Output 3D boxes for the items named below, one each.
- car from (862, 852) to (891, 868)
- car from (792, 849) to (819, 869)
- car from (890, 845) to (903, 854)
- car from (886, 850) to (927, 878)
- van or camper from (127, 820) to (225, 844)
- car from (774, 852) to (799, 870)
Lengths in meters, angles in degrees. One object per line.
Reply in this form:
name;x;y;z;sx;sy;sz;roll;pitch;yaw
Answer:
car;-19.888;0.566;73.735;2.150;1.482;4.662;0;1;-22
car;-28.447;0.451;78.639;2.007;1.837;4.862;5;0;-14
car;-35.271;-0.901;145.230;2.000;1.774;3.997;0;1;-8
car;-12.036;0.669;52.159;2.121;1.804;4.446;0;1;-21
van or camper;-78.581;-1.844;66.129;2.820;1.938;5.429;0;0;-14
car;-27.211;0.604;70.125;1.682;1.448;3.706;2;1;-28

★ ★ ★

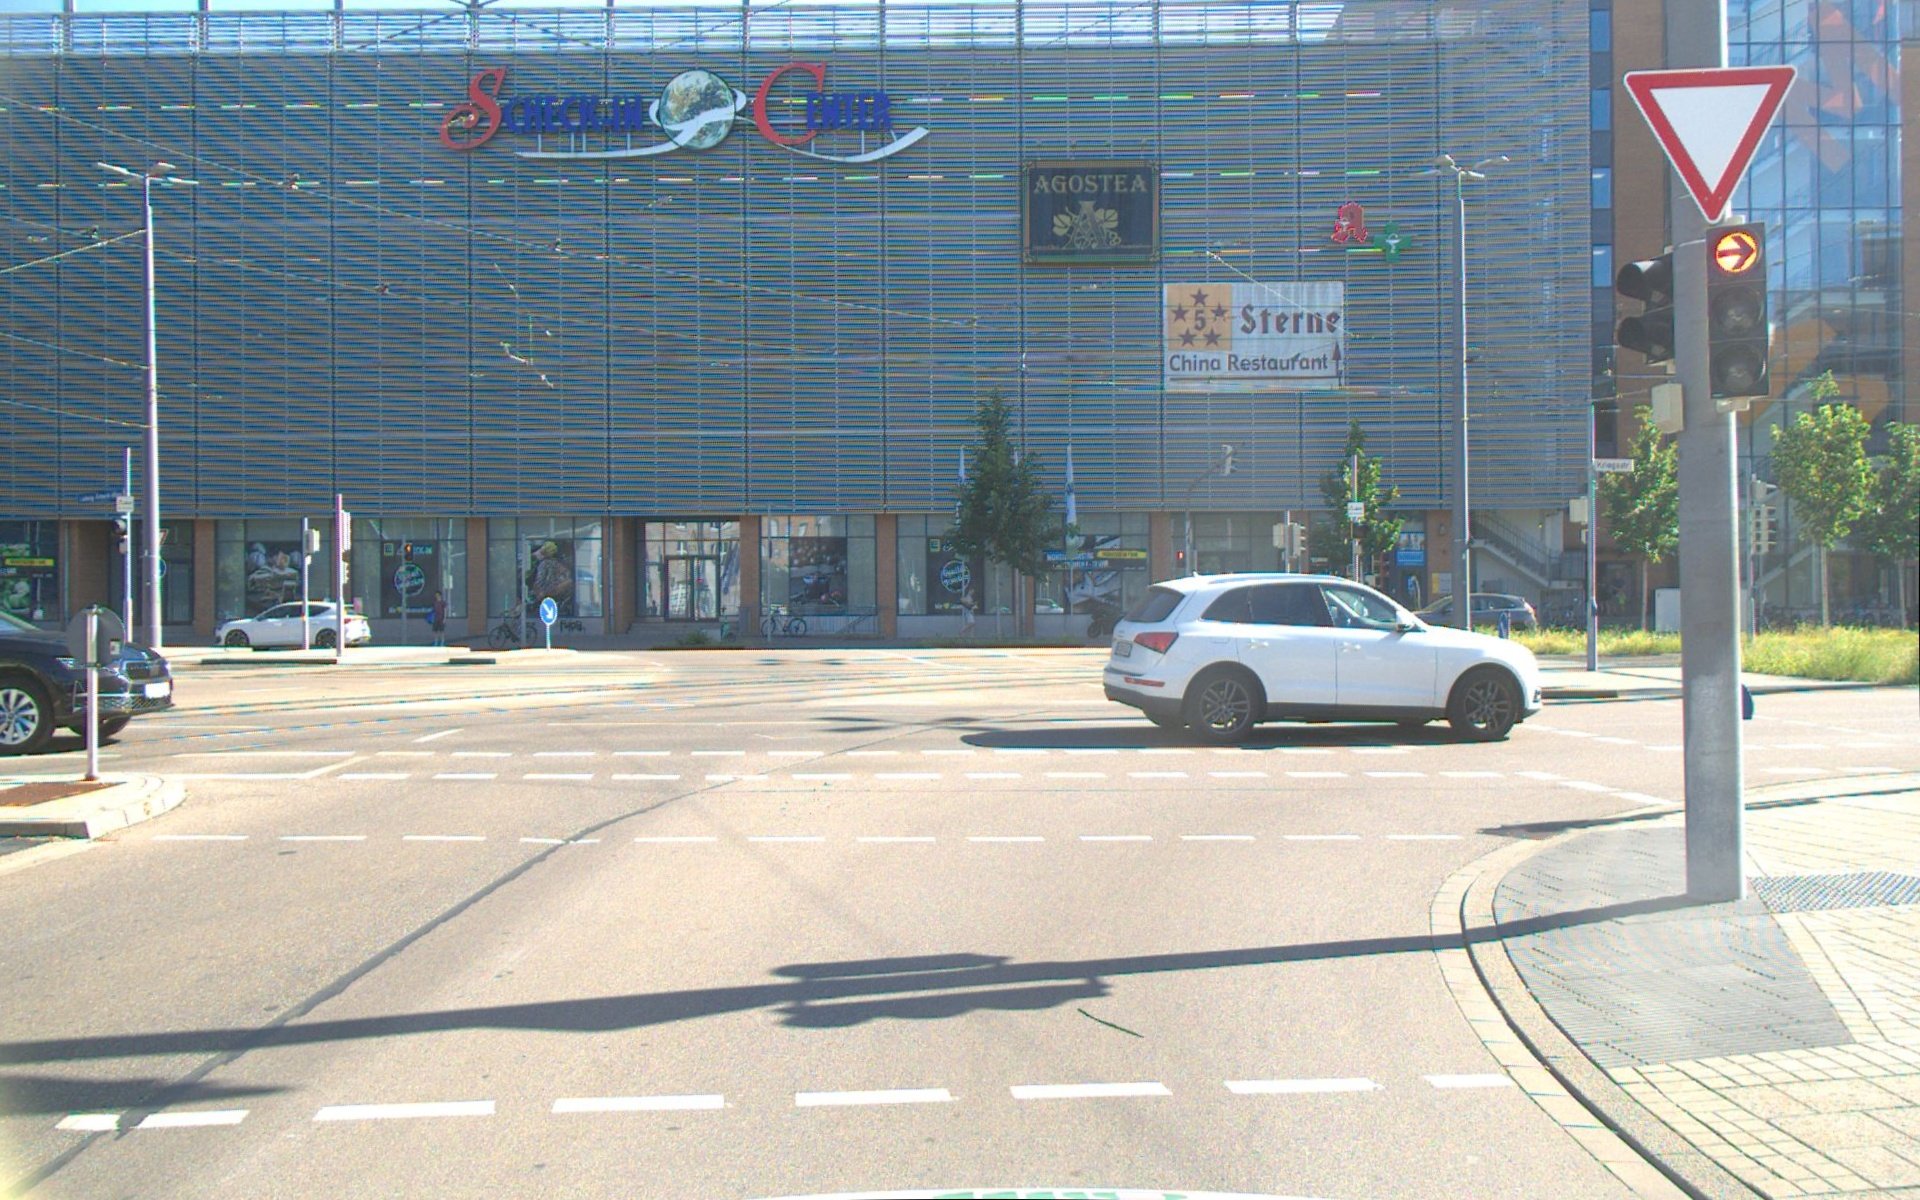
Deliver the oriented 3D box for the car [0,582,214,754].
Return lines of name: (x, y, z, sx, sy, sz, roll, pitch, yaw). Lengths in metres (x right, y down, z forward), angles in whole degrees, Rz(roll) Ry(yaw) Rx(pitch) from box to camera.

★ ★ ★

**Problem details**
Your job is to return all lines above that hold the word "roll".

**Answer section**
name;x;y;z;sx;sy;sz;roll;pitch;yaw
Return lines of name: (x, y, z, sx, sy, sz, roll, pitch, yaw). Lengths in metres (x right, y down, z forward), angles in whole degrees, Rz(roll) Ry(yaw) Rx(pitch) from box to camera.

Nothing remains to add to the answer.